State v. Brantley

56 P.3d 1252, 99 Haw. 463
CourtHawaii Supreme Court
DecidedNovember 1, 2002
Docket22635
StatusPublished
Cited by32 cases

This text of 56 P.3d 1252 (State v. Brantley) is published on Counsel Stack Legal Research, covering Hawaii Supreme Court primary law. Counsel Stack provides free access to over 12 million legal documents including statutes, case law, regulations, and constitutions.

Bluebook
State v. Brantley, 56 P.3d 1252, 99 Haw. 463 (haw 2002).

Opinions

Opinion by

MOON, C.J.

Defendant-appellant/movant-appellant Mark A. Brantley appeals from the second circuit court’s May 25,1999 order, entered by the Honorable Shaekley Raffetto, presiding, denying his Hawai'i Rules of Penal Procedure (HRPP) Rule 35 “Motion to Reverse Conviction and Correct Illegal Sentence” for his 1994 conviction of carrying or use of firearm in the commission of a separate felony, in violation of Hawai'i Revised Statutes (HRS) § 134-6(a) (1993).1 Brantley’s motion was brought pursuant to this court’s decision in State v. Jumila, 87 Hawai'i 1, 950 P.2d 1201 (1998), wherein we held that a defen[464]*464dant could not be convicted of both the HRS § 134-6(a) violation and the separate, underlying felony. See id. at 3, 950 P.2d at 1203. According to Jumila, the remedy for the inappropriate conviction of both of these offenses, which Brantley sought, is to reverse the conviction for the offense which was of the lesser grade—in this case, the firearms offense. See id. at 4, 950 P.2d at 1204.

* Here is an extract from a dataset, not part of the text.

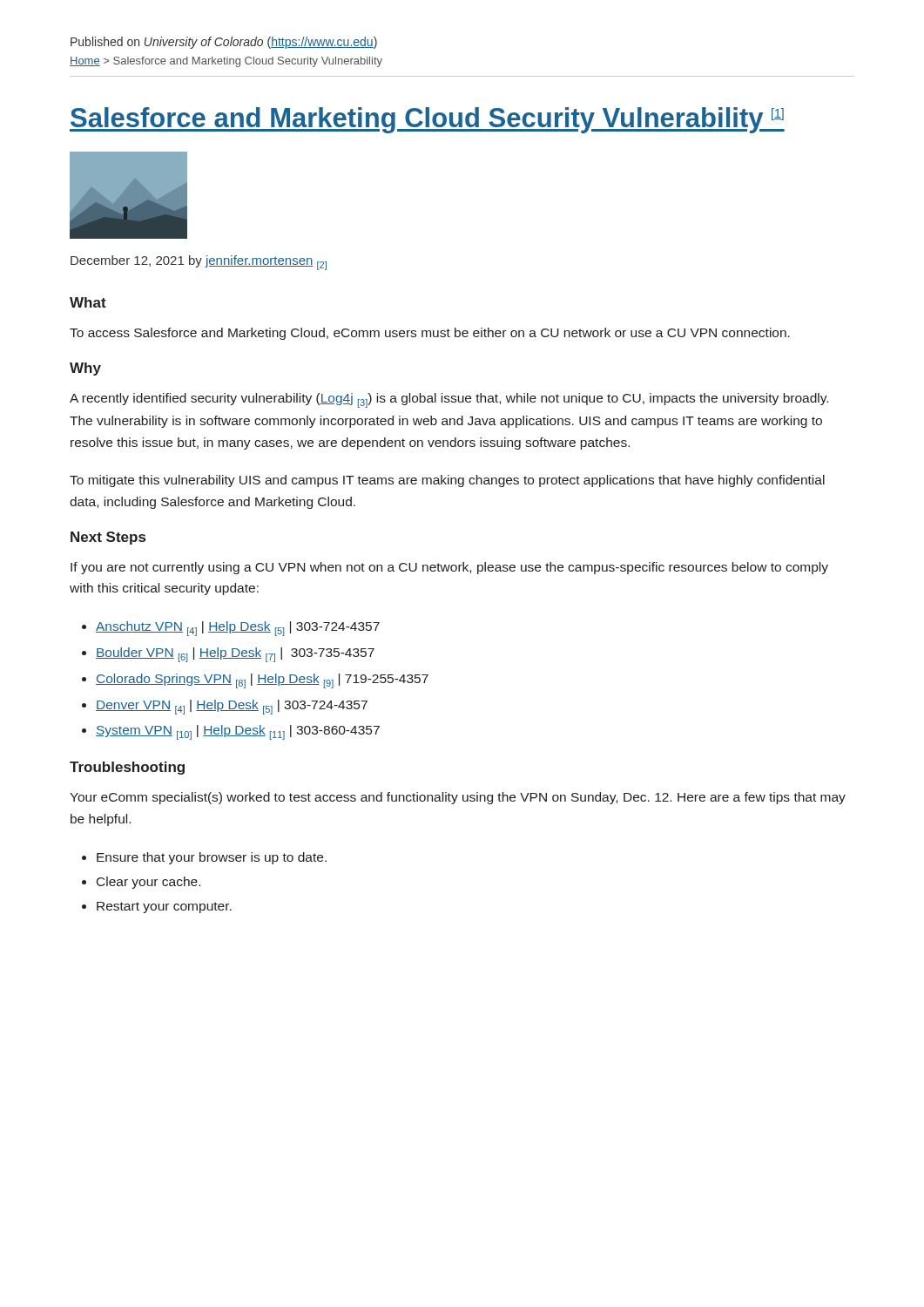Locate the block of text that opens with "Colorado Springs VPN [8] |"
This screenshot has height=1307, width=924.
[262, 680]

In his appeal, Brantley argues that the circuit court erred in denying his motion because the court incorrectly determined that Jumila does not apply retroactively to him. Plaintiff-appellee/respondent-appellee State of Hawaii (State) answers that the circuit court correctly determined that Jumi-la, does not apply retroactively to Brantley. Alternatively, the State contends that our holding in Jumila, barring conviction of both HRS § 134-6(a) and the separate felony, should be overruled. We affirm the circuit court’s order because we agree with the State’s alternative argument and overrule our holding in Jumila that a defendant cannot be convicted of both HRS § 134-6(a) and its separate felony.

I. BACKGROUND

On November 4, 1994, Brantley was convicted of, inter alia, carrying or use of firearm in the commission of a separate felony and second degree murder, the separate felony in the former offense. On January 12, 1999, Brantley filed an HRPP Rule 35 motion seeking to reverse his conviction for the firearms offense. In opposition, the State argued that Jumila, a 1998 decision, should not be applied retroactively to Brantley’s 1994 conviction. Among the arguments cited by the State was the fact that the legislature was considering passage of a bill that would “vitiate” Jumila. At the February 4, 1999 initial hearing on the motion, the circuit court continued the matter and requested supplemental briefing regarding the pending legislation and what, if any; impact the legislation would have on the court’s determination regarding the question of retroactivity. On April 13, 1999, the Governor signed into law Act 12, which amended HRS § 134-6 to explicitly state that an individual could be convicted of both HRS § 134-6(a) and the separate felony. See 1999 Haw. Sess. L. Act 12, at 12.2 Subsequently, the circuit court denied Brantley’s motion, indicating that the 1999 amendment to HRS § 134-6 was an important factor in its decision not to apply Jumila retroactively. Brantley timely appealed.

II. STANDARDS OF REVIEW

A. Statutory Interpretation

The question whether a defendant can be convicted of both carrying or use of firearm in the commission of a separate felony and the separate felony is a question of statutory interpretation. We interpret statutes de novo. See State v. Cornelio, 84 Hawai'i 476, 483, 935 P.2d 1021, 1028 (1997) (citations omitted).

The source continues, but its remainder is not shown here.